### What the task asks
Exact copy, no pictures: return only the lines below from the line with "- Rotations: $(1234)(5)$, $(13)(24)(5)$, $(1432)(5)$" up to and including the line with "Could you extract".

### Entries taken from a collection
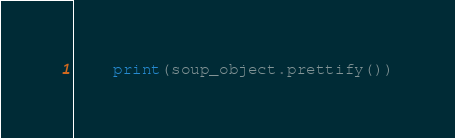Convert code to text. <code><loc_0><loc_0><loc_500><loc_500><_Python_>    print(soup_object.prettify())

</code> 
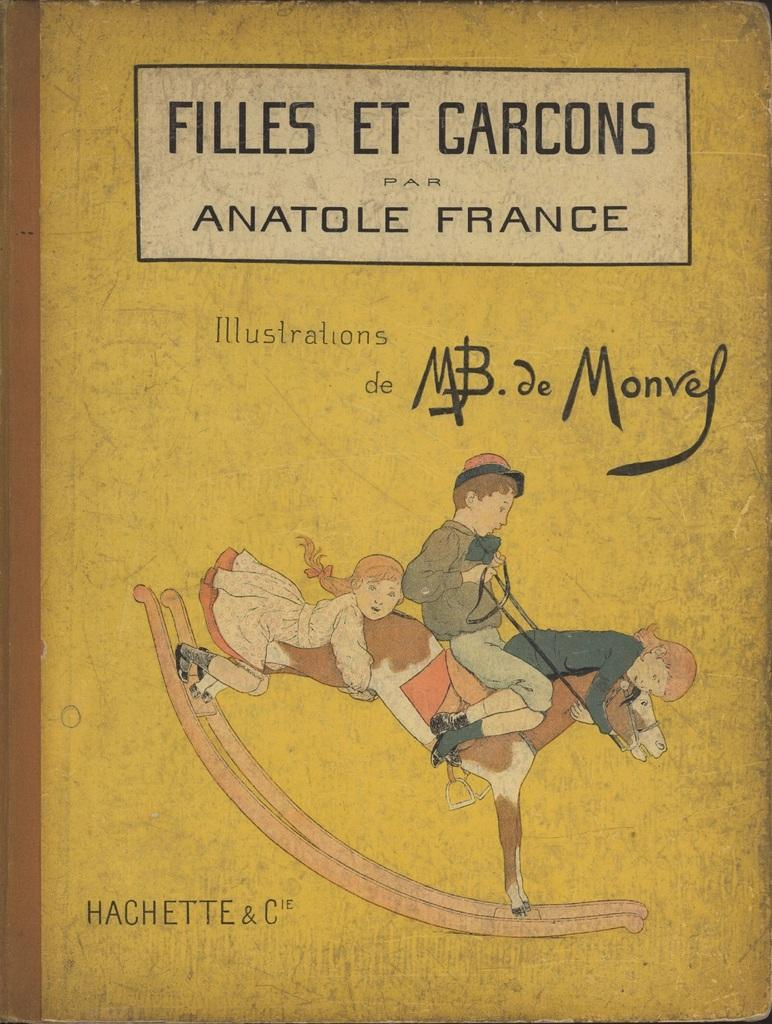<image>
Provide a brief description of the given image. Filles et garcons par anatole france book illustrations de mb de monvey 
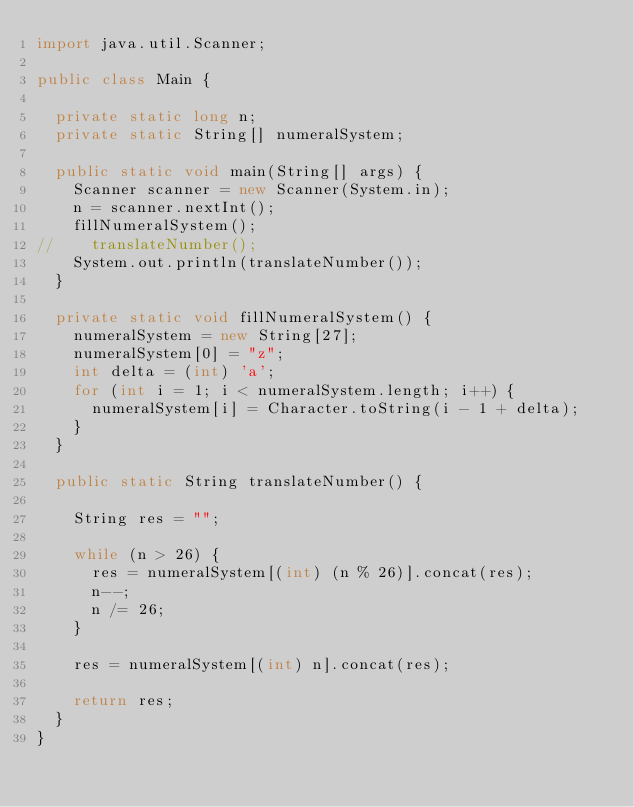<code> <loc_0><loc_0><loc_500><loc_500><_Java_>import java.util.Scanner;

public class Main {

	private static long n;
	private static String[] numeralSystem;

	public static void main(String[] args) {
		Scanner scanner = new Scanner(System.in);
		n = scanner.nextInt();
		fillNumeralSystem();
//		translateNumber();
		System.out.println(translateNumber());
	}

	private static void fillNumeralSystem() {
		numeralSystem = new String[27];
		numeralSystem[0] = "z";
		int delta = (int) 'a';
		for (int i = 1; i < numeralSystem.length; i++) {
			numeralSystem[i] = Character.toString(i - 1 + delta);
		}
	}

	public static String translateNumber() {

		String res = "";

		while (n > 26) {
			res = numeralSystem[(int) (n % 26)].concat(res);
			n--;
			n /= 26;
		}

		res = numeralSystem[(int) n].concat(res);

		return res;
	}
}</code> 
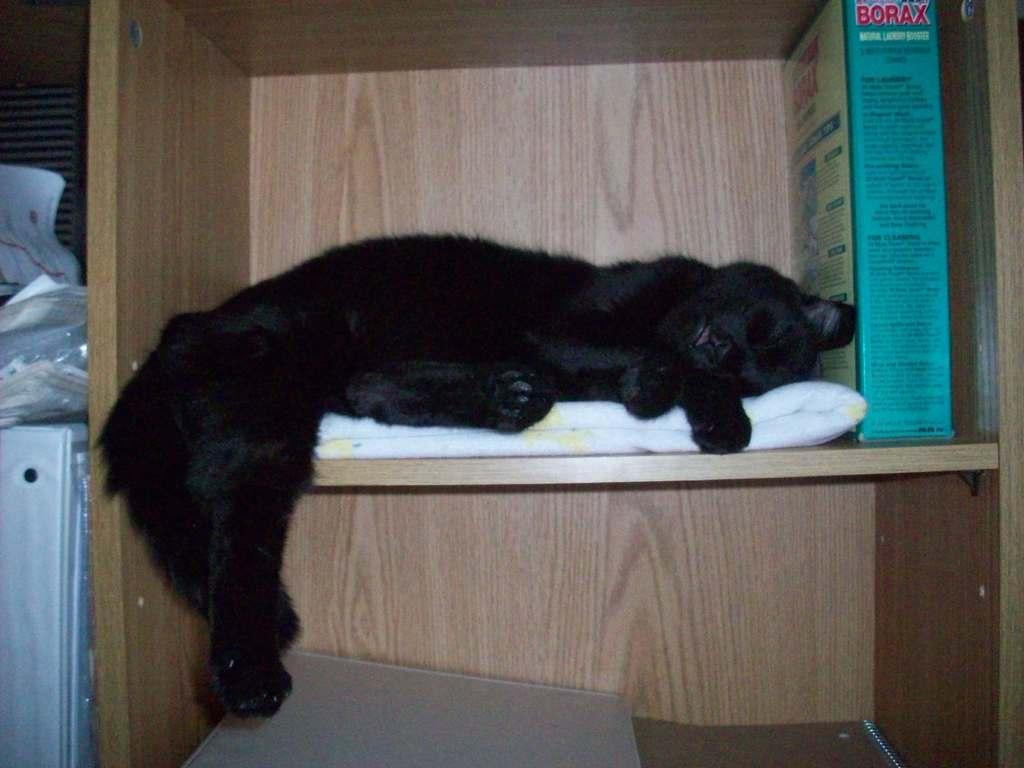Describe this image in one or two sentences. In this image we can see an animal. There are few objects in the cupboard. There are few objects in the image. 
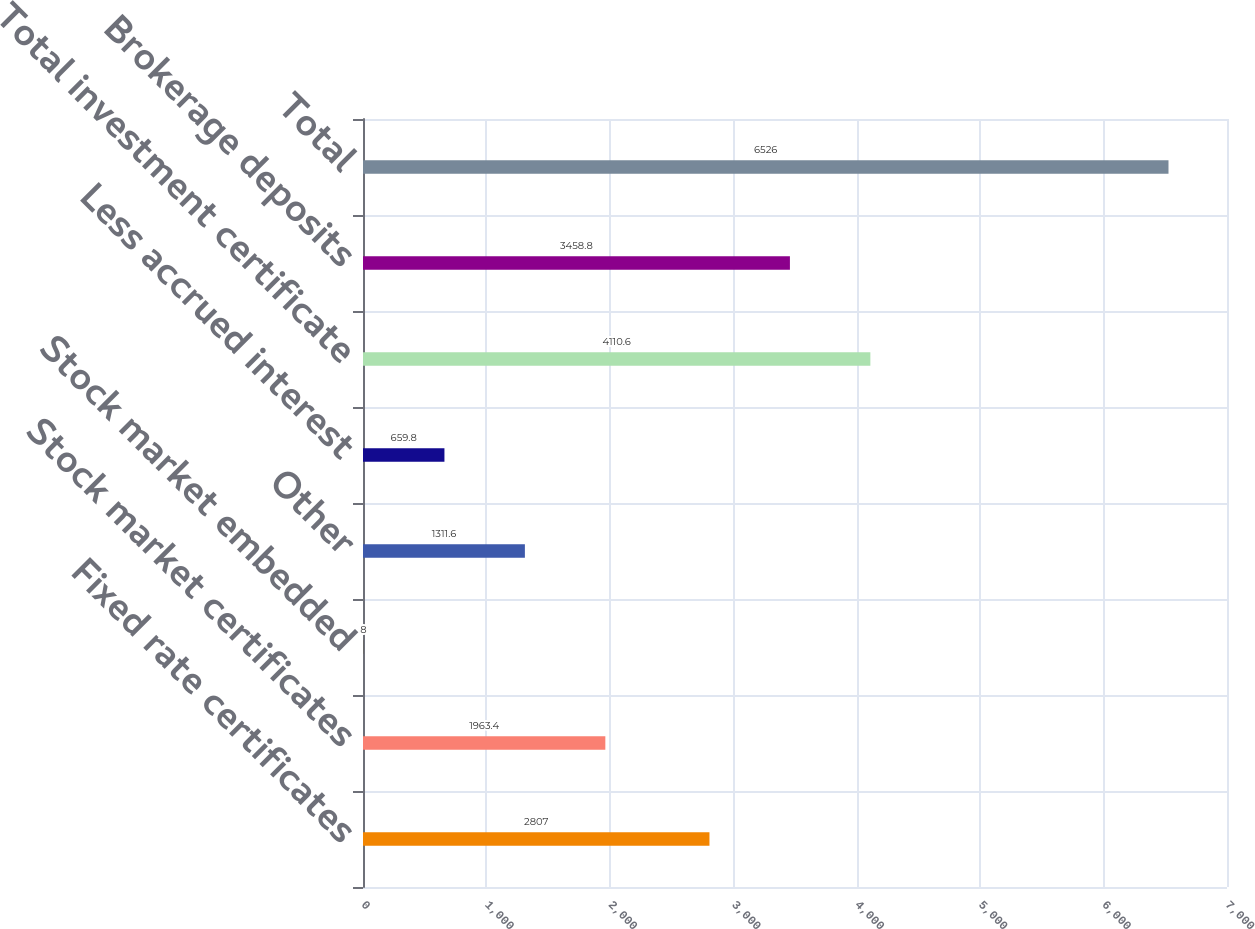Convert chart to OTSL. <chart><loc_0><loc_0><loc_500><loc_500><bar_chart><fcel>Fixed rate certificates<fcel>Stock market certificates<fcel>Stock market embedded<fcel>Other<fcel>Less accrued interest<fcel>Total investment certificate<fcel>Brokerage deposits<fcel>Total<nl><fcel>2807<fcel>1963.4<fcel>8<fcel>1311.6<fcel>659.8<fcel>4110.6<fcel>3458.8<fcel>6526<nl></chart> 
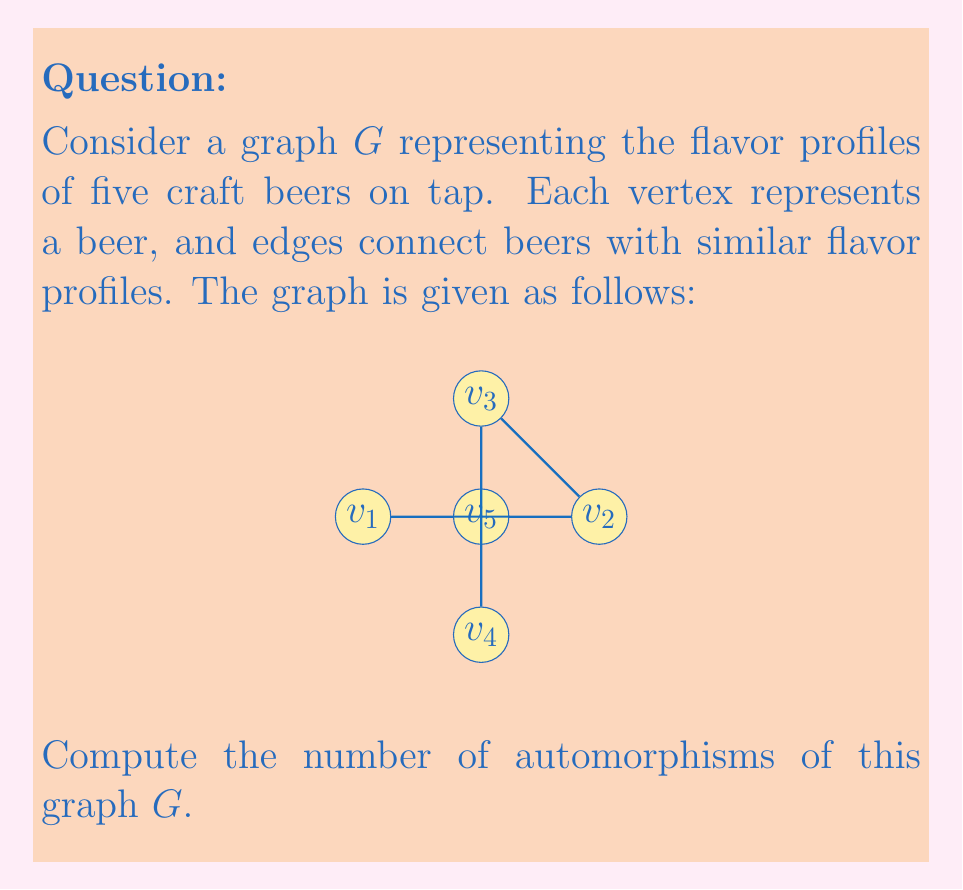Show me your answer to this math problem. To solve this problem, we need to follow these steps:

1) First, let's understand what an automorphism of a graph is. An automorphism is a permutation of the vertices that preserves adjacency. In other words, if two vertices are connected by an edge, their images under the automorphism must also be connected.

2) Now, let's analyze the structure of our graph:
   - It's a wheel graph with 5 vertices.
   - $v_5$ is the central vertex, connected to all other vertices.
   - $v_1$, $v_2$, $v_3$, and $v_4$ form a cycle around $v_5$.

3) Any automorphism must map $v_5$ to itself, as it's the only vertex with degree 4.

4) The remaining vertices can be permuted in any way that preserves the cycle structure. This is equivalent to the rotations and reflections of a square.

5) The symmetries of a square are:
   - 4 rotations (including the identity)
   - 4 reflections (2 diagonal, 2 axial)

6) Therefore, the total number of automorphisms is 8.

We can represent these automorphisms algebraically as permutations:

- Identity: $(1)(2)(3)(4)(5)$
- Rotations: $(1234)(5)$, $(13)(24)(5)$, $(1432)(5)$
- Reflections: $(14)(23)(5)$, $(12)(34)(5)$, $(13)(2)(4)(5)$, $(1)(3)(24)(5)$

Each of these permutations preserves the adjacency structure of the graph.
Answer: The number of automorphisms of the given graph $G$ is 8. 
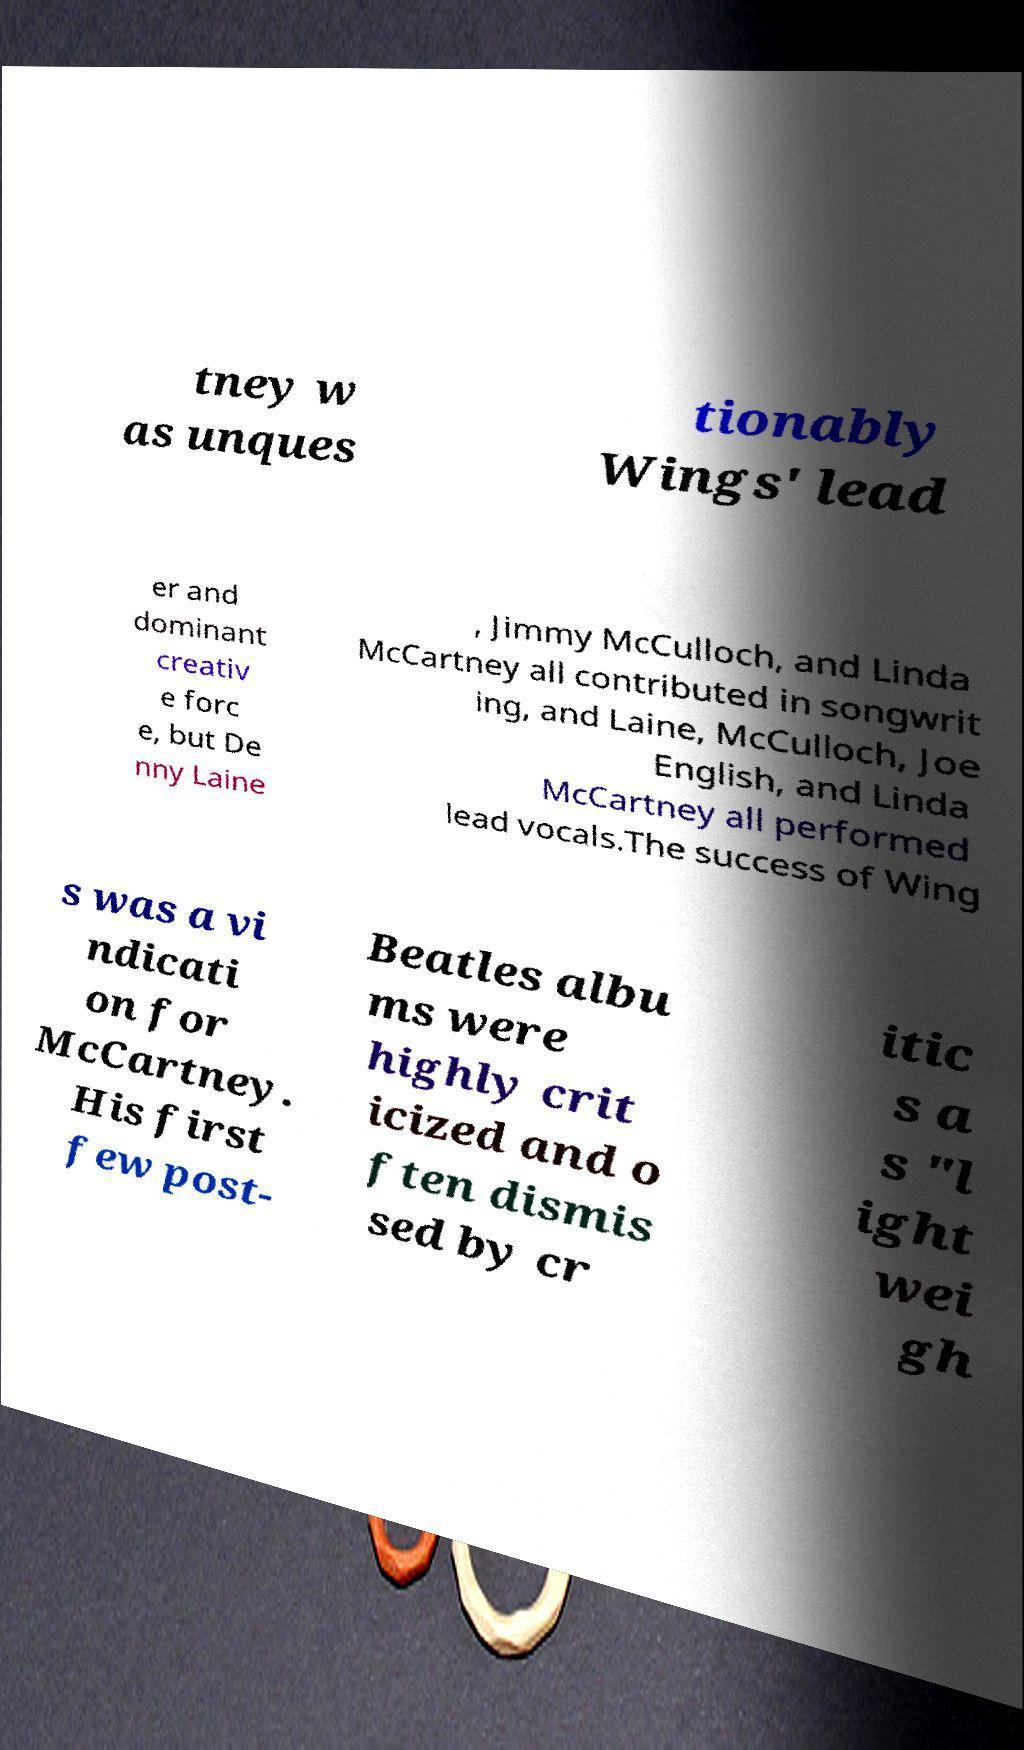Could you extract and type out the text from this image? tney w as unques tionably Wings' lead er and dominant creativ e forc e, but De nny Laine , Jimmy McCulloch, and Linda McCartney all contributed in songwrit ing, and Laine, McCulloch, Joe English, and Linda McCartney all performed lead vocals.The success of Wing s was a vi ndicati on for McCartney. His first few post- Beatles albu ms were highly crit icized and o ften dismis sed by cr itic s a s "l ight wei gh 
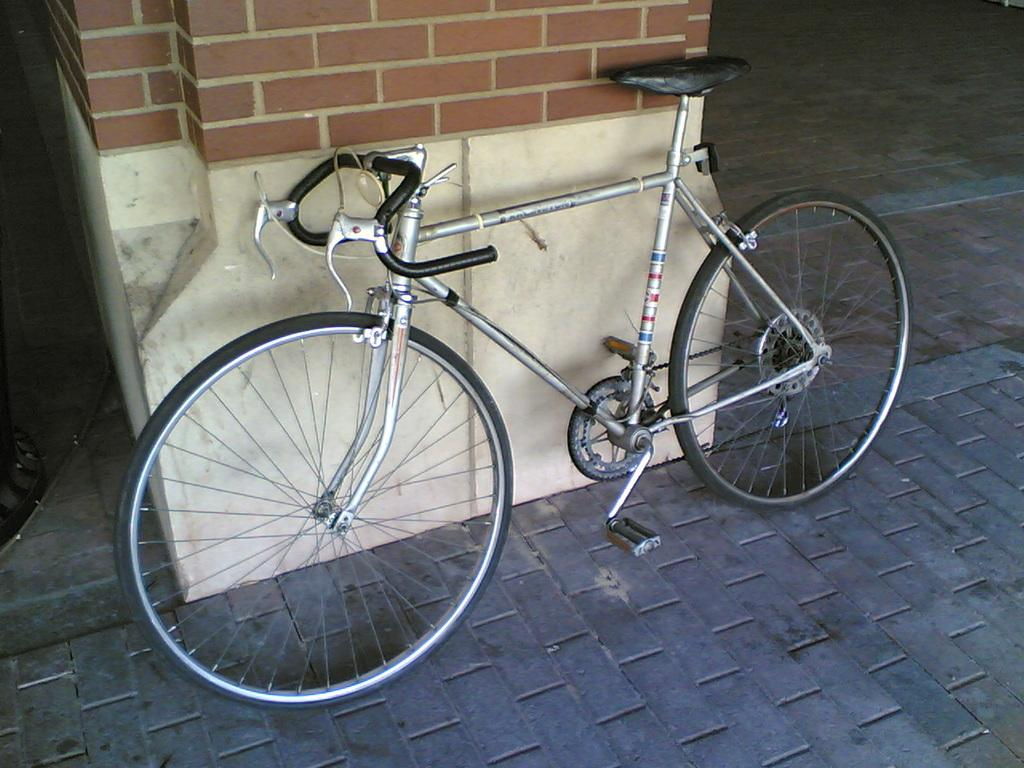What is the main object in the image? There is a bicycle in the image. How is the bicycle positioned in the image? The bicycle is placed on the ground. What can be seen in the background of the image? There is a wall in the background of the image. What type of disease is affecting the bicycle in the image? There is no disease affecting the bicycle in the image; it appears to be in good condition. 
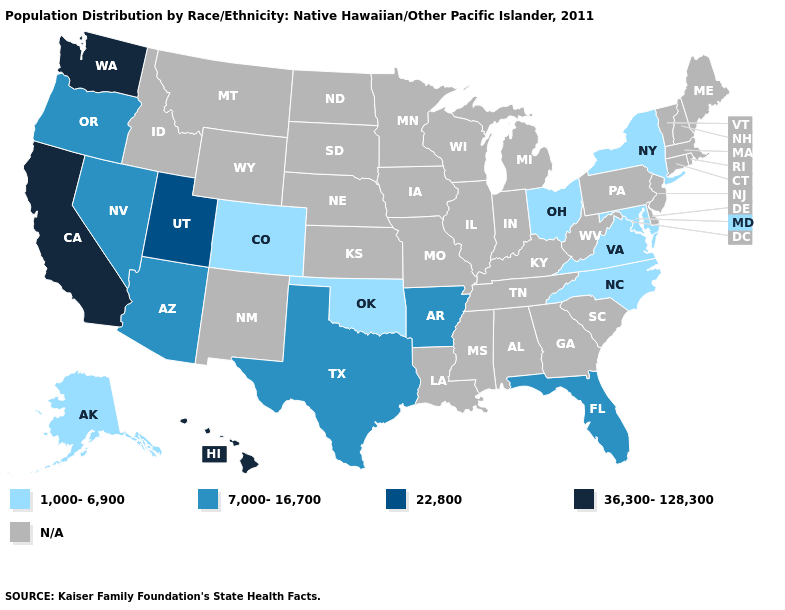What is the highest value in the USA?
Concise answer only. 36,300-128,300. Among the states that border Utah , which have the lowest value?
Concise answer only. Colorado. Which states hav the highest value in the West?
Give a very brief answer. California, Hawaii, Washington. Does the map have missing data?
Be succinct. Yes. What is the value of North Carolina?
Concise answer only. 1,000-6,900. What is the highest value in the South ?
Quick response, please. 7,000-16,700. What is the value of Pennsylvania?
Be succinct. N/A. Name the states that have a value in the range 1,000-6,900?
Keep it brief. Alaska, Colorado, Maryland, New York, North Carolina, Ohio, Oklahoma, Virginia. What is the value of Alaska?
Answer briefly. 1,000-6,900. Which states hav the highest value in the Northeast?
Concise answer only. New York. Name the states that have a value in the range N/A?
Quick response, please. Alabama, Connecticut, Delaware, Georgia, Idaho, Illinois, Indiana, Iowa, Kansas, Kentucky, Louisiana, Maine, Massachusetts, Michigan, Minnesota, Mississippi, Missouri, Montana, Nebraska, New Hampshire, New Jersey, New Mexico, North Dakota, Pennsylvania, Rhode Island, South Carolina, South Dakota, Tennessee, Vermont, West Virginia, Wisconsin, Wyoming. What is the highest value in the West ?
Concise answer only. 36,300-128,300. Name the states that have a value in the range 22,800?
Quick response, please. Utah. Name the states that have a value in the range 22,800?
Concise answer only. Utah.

### Output below
- Rotations: $(1234)(5)$, $(13)(24)(5)$, $(1432)(5)$
- Reflections: $(14)(23)(5)$, $(12)(34)(5)$, $(13)(2)(4)(5)$, $(1)(3)(24)(5)$

Each of these permutations preserves the adjacency structure of the graph.
Answer: The number of automorphisms of the given graph $G$ is 8. 
Could you extract and type out the text from this image? tney w as unques tionably Wings' lead er and dominant creativ e forc e, but De nny Laine , Jimmy McCulloch, and Linda McCartney all contributed in songwrit ing, and Laine, McCulloch, Joe English, and Linda McCartney all performed lead vocals.The success of Wing s was a vi ndicati on for McCartney. His first few post- Beatles albu ms were highly crit icized and o ften dismis sed by cr itic s a s "l ight wei gh 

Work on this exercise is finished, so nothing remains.